La marque chinoise du groupe Hermès, Shang Xia, peine à séduire les Parisiens

« Je ne suis pas sûr que la clientèle française comprenne le concept de Shang Xia, qui est de proposer des objets de l'artisanat chinois, à un haut niveau de qualité et de créativité. Ce n'est pas bon marché, et peut-être que, dans l'esprit des Parisiens, qui dit produits chinois dit prix moins élevés », s'est exprimé Guillaume de Seynes, directeur général de Hermès International, lors du débat intitulé « Le luxe, le nouveau paradigme » organisé par China Connect, le rendez-vous européen sur le marketing, le numérique et le mobile en Chine, qui s'est tenu les 5 et 6 mars à Paris.

Premier concept signé Kengo Kuma en Chine (photo: Shang Xia)
Outre la boutique de la rue de Sèvres ouverte en septembre 2013 à Paris, Shang Xia compte trois boutiques en Chine, à Pékin, dans l'aéroport de Shanghai et près de la Maison Hermès, ouverte à Shanghai en septembre 2014.

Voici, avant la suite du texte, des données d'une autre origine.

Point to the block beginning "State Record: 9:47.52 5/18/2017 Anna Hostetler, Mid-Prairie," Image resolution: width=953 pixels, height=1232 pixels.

« En Chine, Shang Xia a vraiment éveillé l'intérêt de la clientèle et de la presse », a assuré Guillaume de Seynes, qui a rappelé que la « marque complètement chinoise » était née de la rencontre du groupe Hermès avec la créatrice Jiang Qiong-er et que cette « initiative unique dans l'histoire du groupe » n'était pas appelée à être reproduite en Inde ou en Afrique. « C'est un vrai pari, et nous n'avons aucun plan pour l'avenir. Nous ne savons pas ce que sera la marque dans 20 ans », a-t-il ajouté. 
 
Quant aux activités de Hermès sur le marché chinois, qui représentent 30 % des ventes du groupe en incluant la Chine, Hong Kong, Macau et les touristes chinois à l'étranger, Guillaume de Seynes a indiqué que certaines avaient souffert, comme beaucoup, de la campagne anti-corruption mise en place par le gouvernement chinois. « Les montres, notamment, ont pratiquement disparu en tant que cadeaux », a-t-il précisé.

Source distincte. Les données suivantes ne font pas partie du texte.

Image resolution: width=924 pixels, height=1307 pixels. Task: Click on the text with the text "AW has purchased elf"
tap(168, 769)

Le groupe a toutefois enregistré « une croissance à deux chiffres » l'an dernier en Chine. Le challenge, a-t-il affirmé, reste le même : « être perçu comme une marque différente, à la philosophie différente. Et continuer à établir la marque en profondeur, sans nous précipiter, étape par étape. »

Interrogé sur la « stratégie de la rareté » élaborée par certaines marques de luxe pour stimuler la demande et qui pourrait perdre en crédibilité face aux volumes des ventes en Chine, Guillaume de Seynes a répondu que « cette rareté, particulièrement pour les articles de cuir, est une réalité que nous n'organisons pas. » « Nos sacs sont fabriqués à la main par des artisans, et 18 mois sont nécessaires en interne pour les former, a-t-il souligné. Nous embauchons constamment, nous allons ouvrir deux sites en France en juin et deux autres sont en préparation. Nous augmentons nos volumes de production de 10 % par an et ne pouvons pas faire plus ». Car la priorité du groupe Hermès avant toute chose, a-t-il insisté, est de maintenir la qualité.